Haïti pourrait être considéré comme un petit coin de paradis si le pays ne voyait pas s'enchaîner les catastrophes naturelles. Si aussi le pouvoir en place gérait mieux les situations auxquelles il doit faire face. Et surtout, si les gangs n’avaient pas pris le pouvoir sur 80% du territoire.
Si on compare avec l’autre côté de l'île, à savoir la République dominicaine, on se rend compte que la situation en Haïti pourrait être bien meilleure. C’est en tout cas ce que nous explique Manu Van Lier, dans le Décryptages de ce 15 mars. En Haïti, non seulement la population a à peine le temps de se relever d’une catastrophe qu’une autre arrive, mais l’insécurité vient s’ajouter à la pauvreté.
Un problème naturel et de gestion
Selon Christian Laporte, anciennement journaliste à La Libre, le premier problème du pays est le fait que plusieurs des dernières présidences ressemblaient à des dictatures. Second problème, les catastrophes naturelles. Le séisme de 2010 a fait plusieurs centaines de milliers de victimes. Manu Van Lier, qui s’est rendu dans le pays par après, a d’ailleurs pu constater que, malgré que le temps soit passé par là, les camps de réfugiés étaient toujours bel et bien en place, même au cœur de la capitale.
Ces deux causes ont pour conséquences l’extrême pauvreté de la population et l’affaiblissement général du pays. D’après Manu Van Lier, la présidence par intérim d’Ariel Henry a poussé la population à saturation. Il pourrait encore y avoir de l'espoir pour un renouveau dans le pays, mais la question devient alors : qui va pouvoir amener cet espoir?
De la violence pour se faire entendre
Avant de passer à la manière forte avec les gangs, la population a tenté de se faire entendre avec des manifestations. Cela n’a malheureusement rien changé et Ariel Henry s’est accroché au pouvoir qui lui est tombé dans les mains quand Jovenel Moïse a été assassiné en juillet 2021. Malgré la fin de son mandat en février dernier, il n’avait promis des élections que pour la mi-2025, ce qui a été jugé inacceptable par une partie de la population.
Entrent en scène les gangs. Lorsque Manu Van Lier s’est rendu en Haïti, les gangs se trouvaient aux périphéries des villes. Aujourd’hui, ils contrôlent 80% du territoire. Et quand ils décident de frapper fort, cela donne, par exemple, l’attaque de deux prisons et à la libération de près de 4500 détenus.
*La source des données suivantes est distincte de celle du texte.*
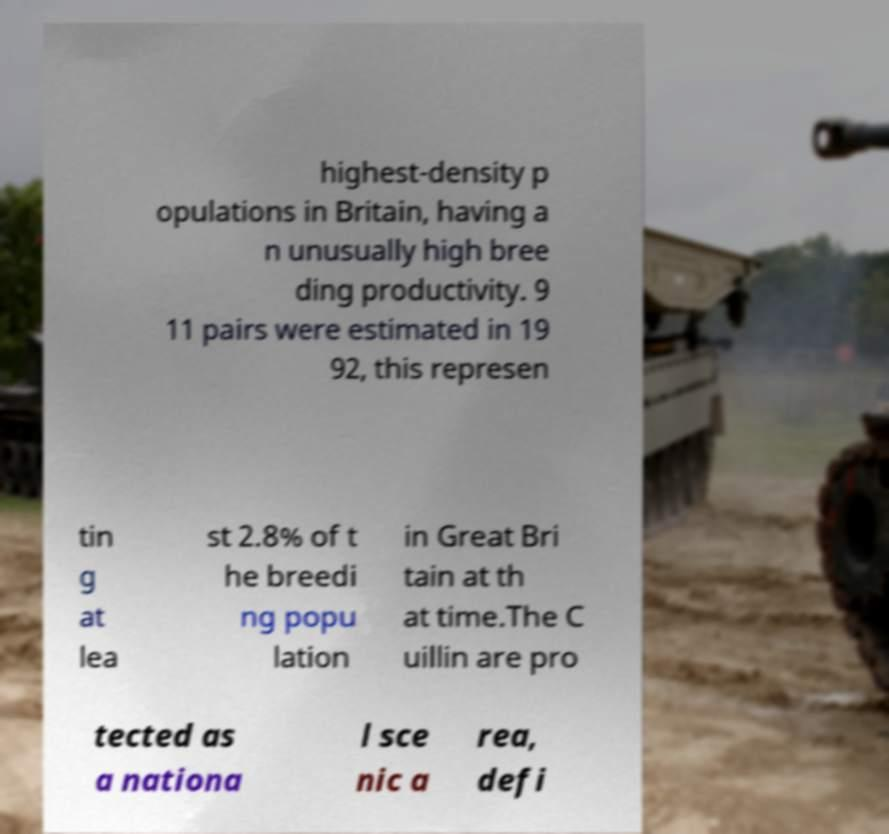Can you accurately transcribe the text from the provided image for me? highest-density p opulations in Britain, having a n unusually high bree ding productivity. 9 11 pairs were estimated in 19 92, this represen tin g at lea st 2.8% of t he breedi ng popu lation in Great Bri tain at th at time.The C uillin are pro tected as a nationa l sce nic a rea, defi 
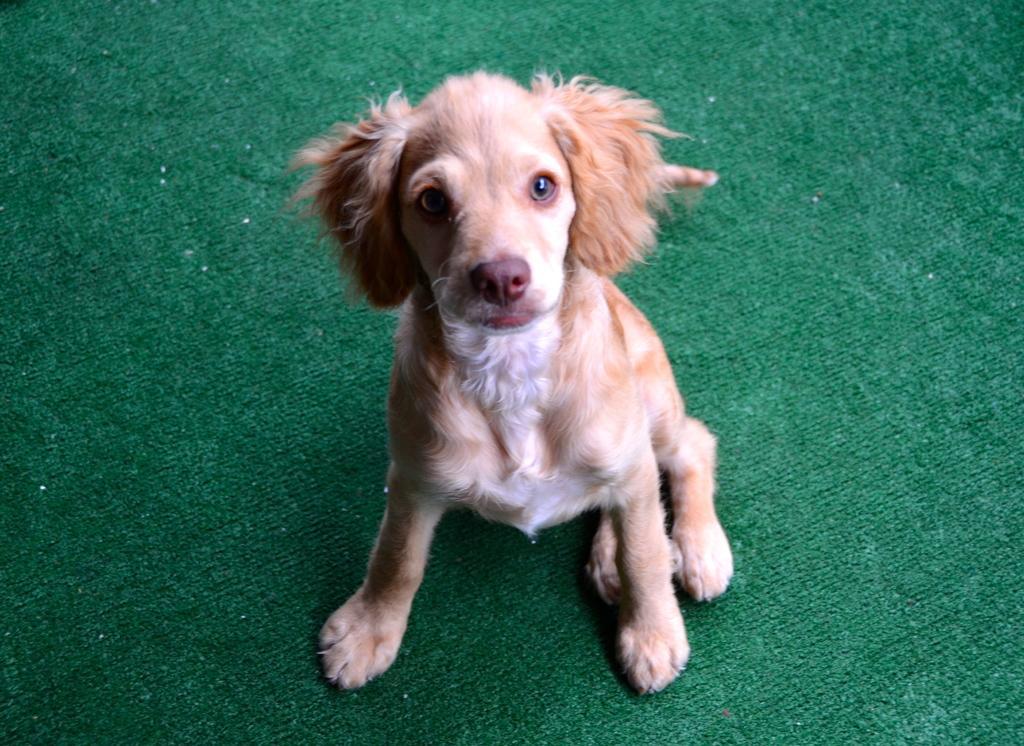In one or two sentences, can you explain what this image depicts? In this picture we can see small brown dog, sitting on the green carpet and looking to the camera. 
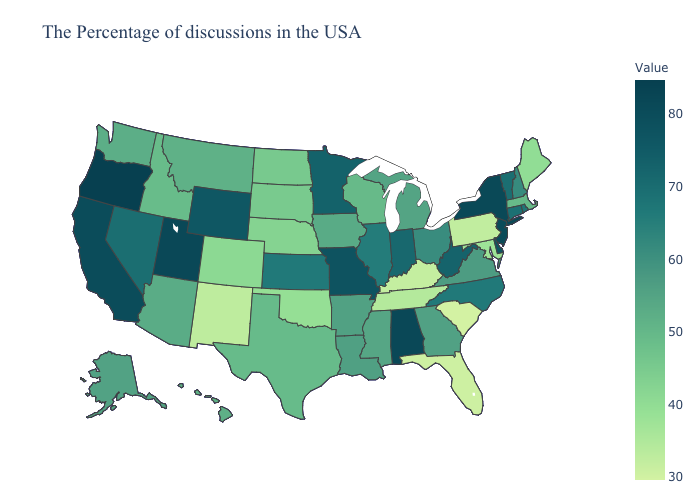Which states have the lowest value in the USA?
Short answer required. South Carolina. Among the states that border Wisconsin , which have the lowest value?
Give a very brief answer. Iowa. Which states have the lowest value in the Northeast?
Short answer required. Pennsylvania. Is the legend a continuous bar?
Concise answer only. Yes. Does Oregon have a lower value than Delaware?
Short answer required. No. Does New Hampshire have the lowest value in the Northeast?
Write a very short answer. No. 
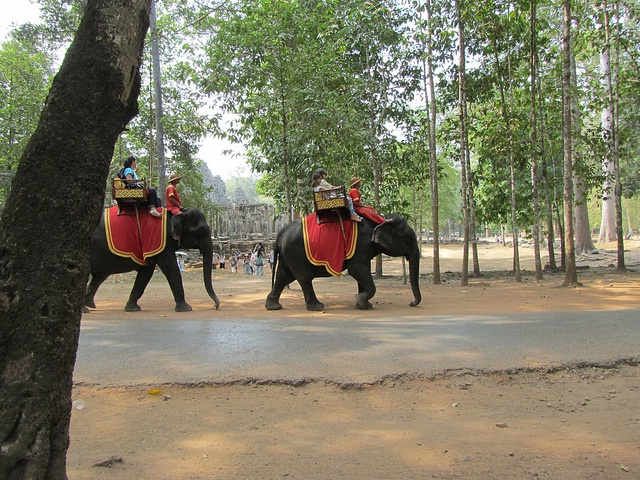Describe the objects in this image and their specific colors. I can see elephant in white, black, brown, maroon, and gray tones, elephant in white, black, maroon, brown, and tan tones, bench in white, black, maroon, and olive tones, bench in white, black, gray, and olive tones, and people in white, black, gray, and darkgray tones in this image.

Tous ces détenus, qui sont loin d’être des enfants de chœur, se promènent maintenant librement dans la nature.
À cela, s’ajoute la peur de se faire enlever ou de se trouver au mauvais endroit au mauvais moment. Et personne n’est à l'abri, en témoignent les multiples enlèvements de religieux. Certains ont eu la chance d’être libérés, d’autres ont disparu depuis des mois et rien n’indique s'ils sont toujours en vie.
Une solution à l’horizon?
Depuis qu’Ariel Henry a annoncé sa démission depuis Puerto Rico, le pays attend de voir qui sera désigné comme Premier ministre de transition. Et c’est seulement quand cette personne et son gouvernement seront désignés que l’aide humanitaire pourra revenir dans le pays. Cependant rien n’assure ni la bonne gestion des aides, ni que cesseront les détournements par le gouvernement ou les gangs.
Pour Christian Laporte, la situation est désespérée, il faudrait presque un miracle, mais surtout "il faut trouver un pouvoir politique beaucoup plus au service de la population que de ses propres intérêts". Pour Manu Van Lier, il faut désormais reconstruire de manière réfléchie et pousser les gens qui ont trouvé refuge dans les villes à retourner à la campagne pour relancer la production et donc l’économie locale. "Il faut reconstruire depuis la base".
Reste alors à régler le problème des gangs. Pour pouvoir les combattre, il faudrait que la police soit mieux armée, au propre comme au figuré. Il faudrait aussi que les salaires soient suffisants et réguliers pour éviter que l’histoire de Jimmy Cherizier (surnommé “Barbecue”) ne se répète et que d’autres décident de quitter les forces de l’ordre pour rejoindre les gangs.